Soliloquies 16.2

Page 35

Craters pockmarked the ground on either side of the dirt road, and more piles of dirt blistered next to them. Along the road squatted a collection of buildings. With the exception of the bungalow closest to the gate, these were either converted trailers that would never again trail anything, or sheets of corrugated metal folded and riveted together into boxes. Mr. Hannah held a printout of a map, which he had thoughtfully slipped into a freezer bag in preparation for God’s meteorological wrath upon the city of Port Coquitlam. "This is the farmhouse," he said, pointing to the bungalow, a standard-issue clapboard job, offwhite with a peaked roof, just like every other run-down house in the lower mainland.

"Though the owner's home is the trailer further up the road," Mr. Hannah continued.

We wondered if we were going to see inside the farmhouse, but Mr. Hannah marched us past it, the only sounds the erratic squelching of twenty-three grade-eight students withdrawing shoes from the mud only to submerge them again, over and over, until we reached the barn. Rust streaked the unpainted exterior walls, running from the roof’s corners like trails of shit.

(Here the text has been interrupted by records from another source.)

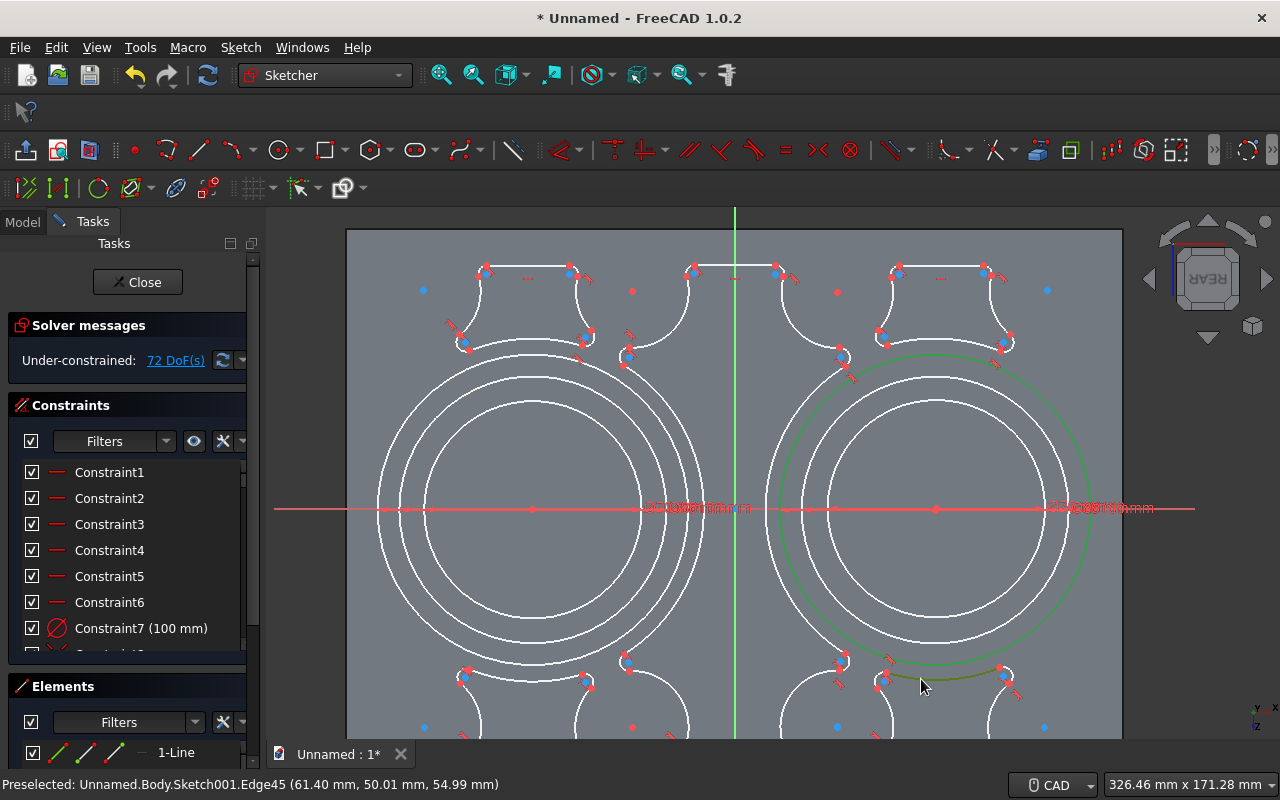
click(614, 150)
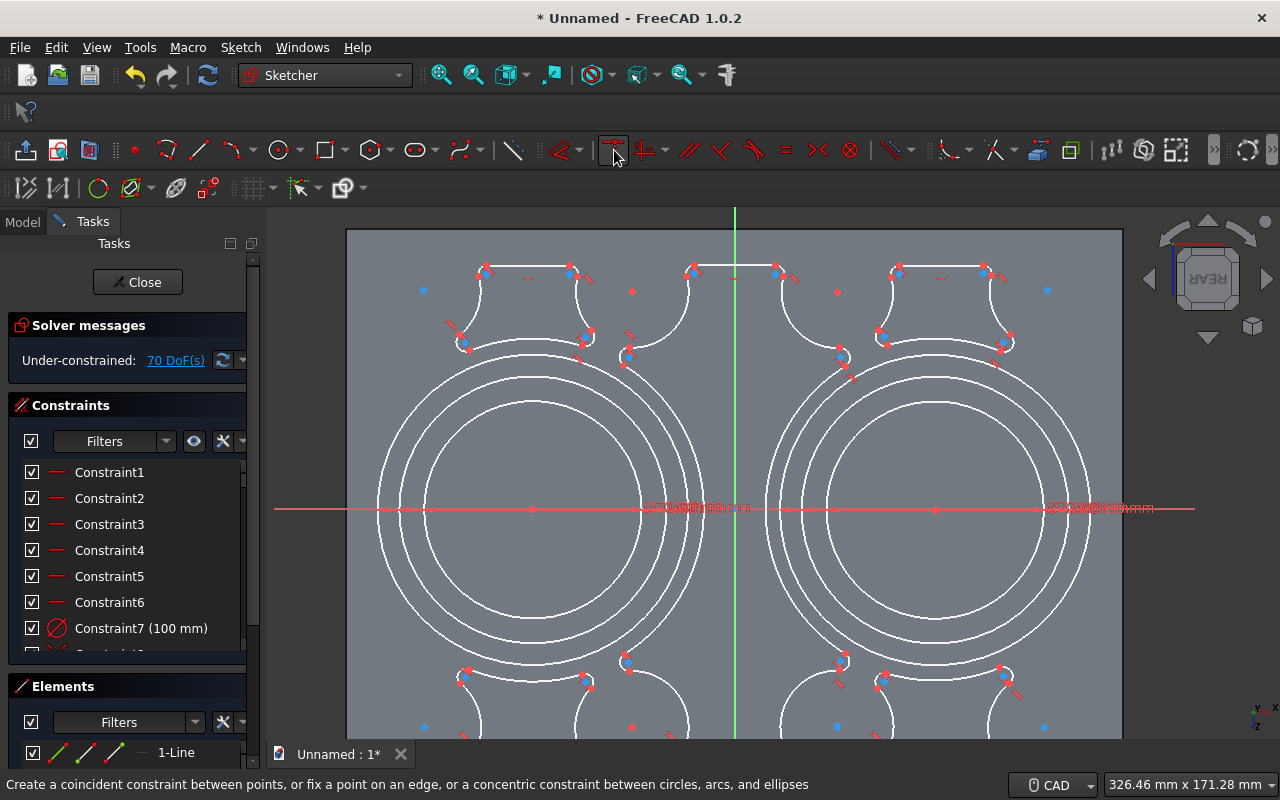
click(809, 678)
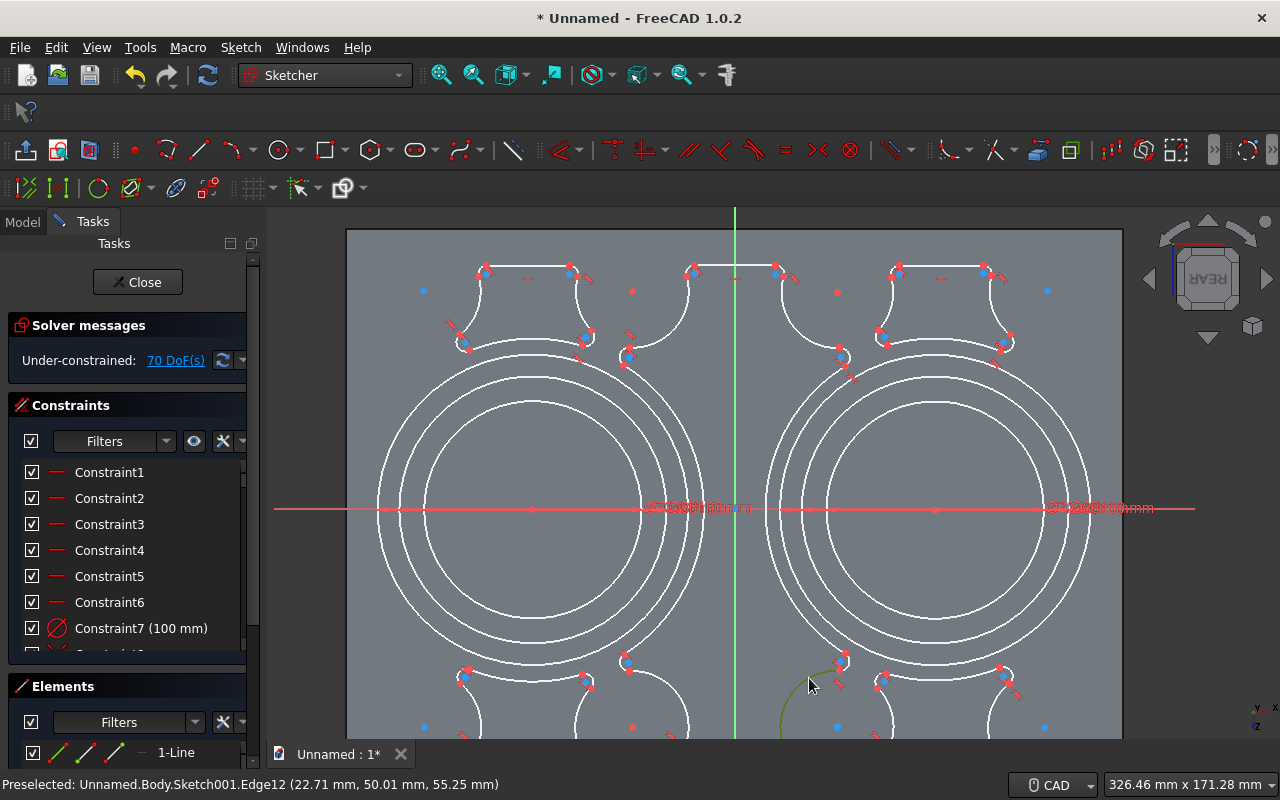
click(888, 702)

Above the barn door, someone had scrawled "Piggy Palace" with paintbrush strokes violent as scratches from a knife. We craned our necks to see if there were any pigs inside. There weren’t. Like the rest of the property, the mud floor of the barn was covered with holes, but smaller holes, perhaps dug up by pigs flailing around in fear as they waited their turn to go up the road. Though we could look at the interior through the door, Mr. Hannah didn't bring us into the barn either. We continued up the road approximately 300 squelches. Nobody had any jokes because there was nothing to see but mud--a tour of Flanders Fields after the bodies were gone, but before the grass grew back. "This is the motorhome," Mr. Hannah said. "Imagine I'm showing you these things: a foam mattress, a blue sweater, a Hudson's Bay blanket." Relying on our imaginations seemed to defeat the purpose of a field trip, but we went along with it, and each of us pictured the interior of the motorhome in our own way. This visit to a modern farm seemed more of an archaeological expedition than the trip to Fort Langley, which had been lively with historical re-enactors chopping wood, melting iron, and selling each other furs and pemmican. In front of the garage, Mr. Hannah told us to picture two buckets, a freezer, and a duffle bag. We stopped next in front of the trailer where the farmer lived, up on blocks next to the slaughterhouse. We wondered why someone would choose to eat and sleep there, his clean clothes, food, and bedding permeated by the smell of animal death.